Le nombre de robots industriels pour 100 emplois manufacturiers est de 2,5 aux États-Unis, contre 1,8 en Chine comme en Europe.

Les entreprises technologiques se concentrent aux États-Unis et en Chine qui, respectivement, en ont 6 et 3 fois plus que l’Union européenne (source Statistica CB insights). Cette prédominance américaine s’appuie sur une surreprésentation des universités américaines parmi les dix meilleures au monde selon le classement établi par l’Université de Shanghai. Seul le Royaume-Uni arrive à placer deux établissements d’enseignement supérieur (Cambridge et Oxford) parmi les dix premières. L’Europe arrive à faire jeu égal avec les États-Unis en ce concerne le niveau d’éducation notamment grâce à l’amélioration de celui de l’Allemagne. La proportion de personnes de plus de 25 ans diplômés de l’enseignement supérieur dépasse 50 % aux États-Unis. Elle atteint 22 % en Europe et 4 % en Chine. La part des exportations de produits de haute technologie par rapport à l’ensemble des exportations est passée de 15 à 30 % en Chine de 1998 à 2020 quand elle a baissé en Europe (respectivement 16 et 12 %). Cette baisse est encore plus marquée aux États-Unis (respectivement 25 et 10 %).

Le résultat chinois doit être néanmoins relativisé, car une partie des exportations de produits de haute technologie comptabilisées correspond à des réexportations de produits importés.
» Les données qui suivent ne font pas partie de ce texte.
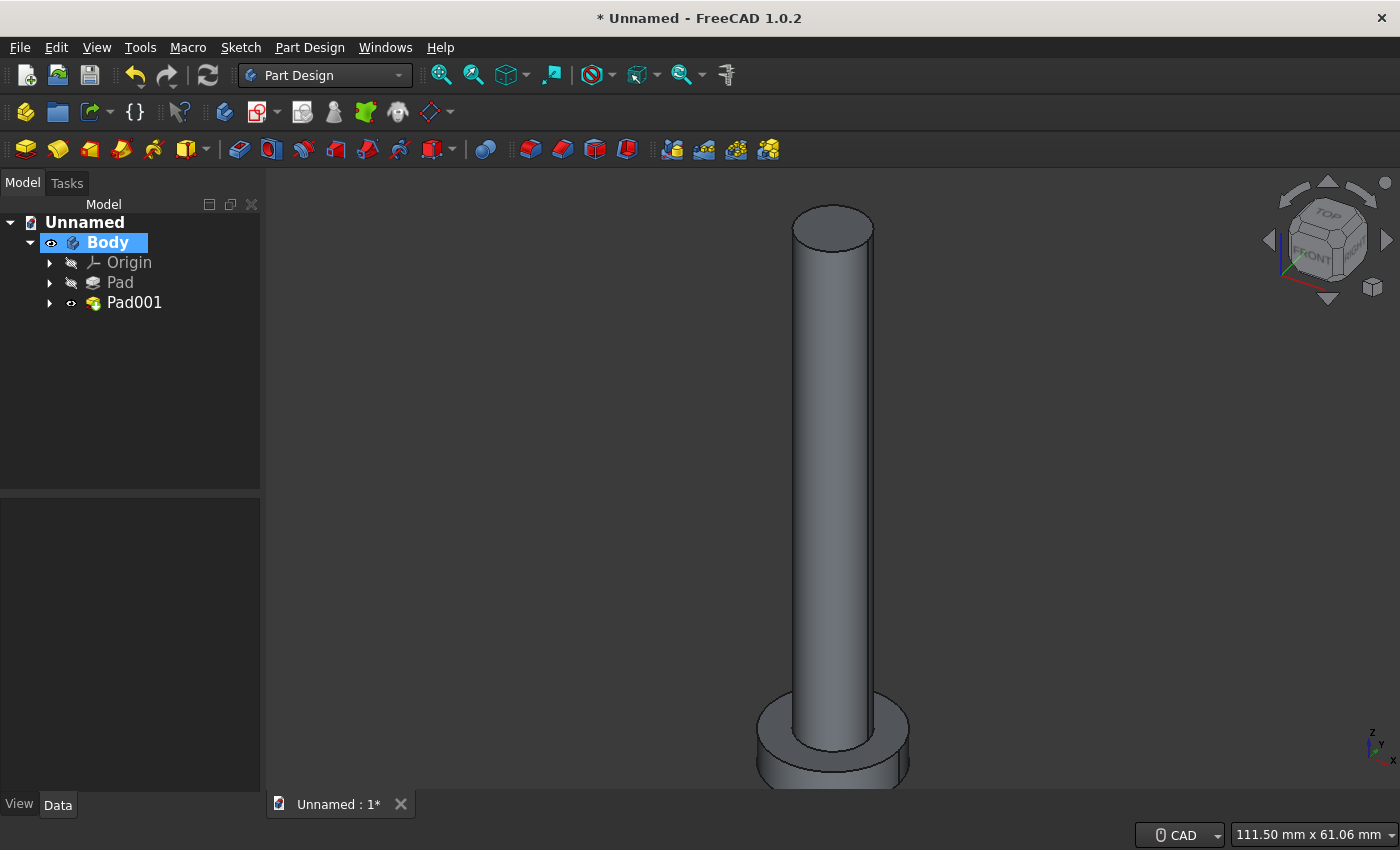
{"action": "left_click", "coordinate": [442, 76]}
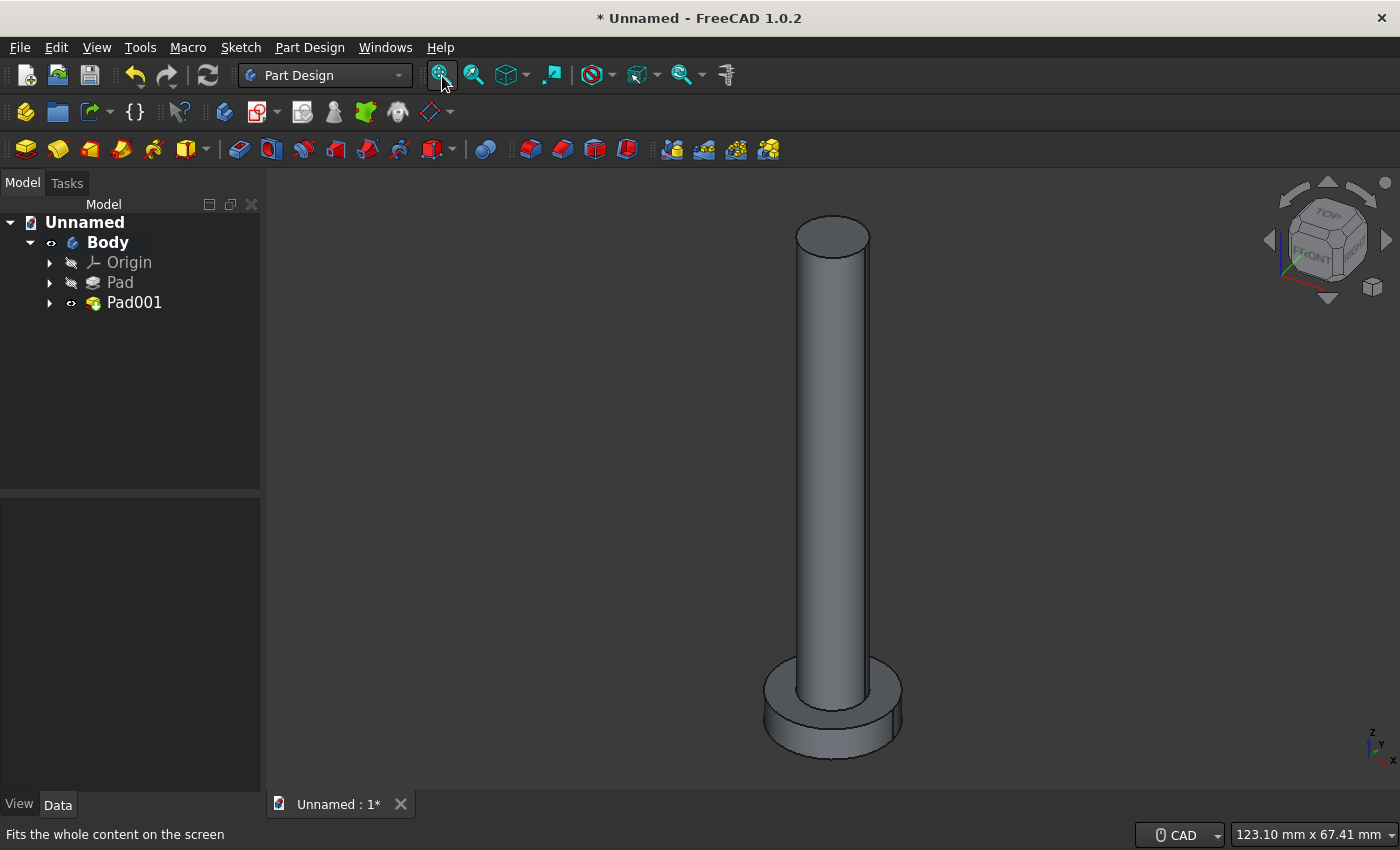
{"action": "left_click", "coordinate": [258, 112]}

Les États-Unis devancent très largement l’Europe sur les levées de fonds en private equity (elles atteignent 540 milliards de dollars, contre 108 milliards de dollars en 2020). La Chine est très loin derrière (28 milliards de dollars) du fait de la moindre financiarisation de son économie.

Un niveau de formation des actif élevé

L’Europe apparaît distancée par les États-Unis et est doublée par la Chine. Les retards au niveau de la haute technologie sont manifestes. Pour rattraper son retard, elle peut compter sur le niveau de formation des actifs qui demeure parmi les plus élevés du monde. La constitution d’un véritable marché européen du private equity apparaît indispensable afin d’accroître les investissements dans les hautes technologies.